Overview
Open-label study to evaluate the safety, tolerability, pharmacokinetics, pharmacodynamics, and efficacy of a single dose of sutacimig monotherapy in participants with congenital FVII deficiency (FVIID).
Description
The objective is to administer a single dose of sutacimig and to evaluate safety, pharmacokinetics, and pharmacodynamics. Two cohorts may be evaluated. Cohort A is defined by participants with a FVII(a) level of \< 10%. Cohort B is defined by participants with a FVII(a) level of ≥10%.
Eligibility
Inclusion Criteria:
- Age 18 to 60 years, inclusive, at the time of signing informed consent.
- Diagnosis of FVIID defined by Factor VII:C activity \< 10% documented on ≥ 2 different laboratory measurements by local laboratory assessment.
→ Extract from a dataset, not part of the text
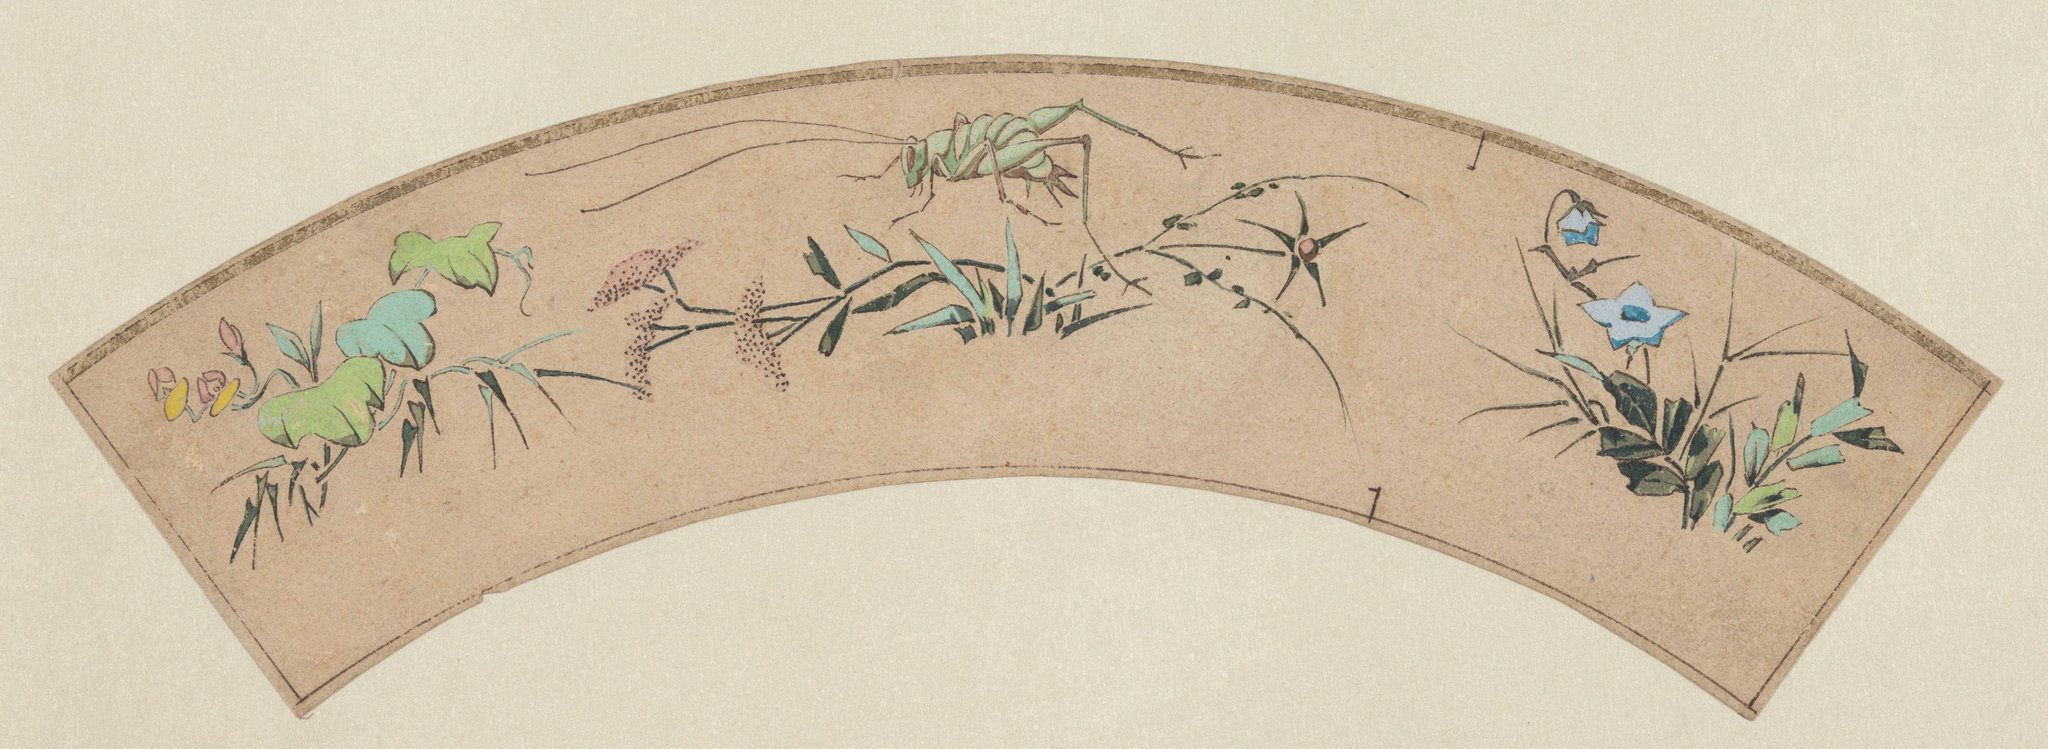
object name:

- Severe bleeding history characterized by history of a major bleeding event and/or receipt of recombinant activated FVII or fresh frozen plasma as treatment for bleeding or a severe clinical bleeding history as defined by the Investigator.
- Has the ability to provide informed consent to participate in the trial.
Exclusion Criteria:
- Presence of known inhibitors to FVII or FVIIa
- History of clinically significant hypersensitivity associated with monoclonal antibody therapies.
- History of venous or arterial thrombosis or thromboembolic disease, with the exception of catheter-associated superficial vein thrombosis.
- Known thrombophilia risk by the following criteria: Homozygous Factor V Leiden (FVL), compound heterozygous FVL/Prothrombin gene mutation, antithrombin \<50%, congenital protein C, and protein S deficiency with levels \<50%.
- Clinically significant comorbidity that may interfere with study participation.
- Use of concomitant therapy not permitted during the study (i.e., other platelet inhibitors, desmopressin, fibrinolysis inhibitors, except if used as local treatment \[e.g., for oral bleeds\])
- Female participants who are pregnant or breastfeeding.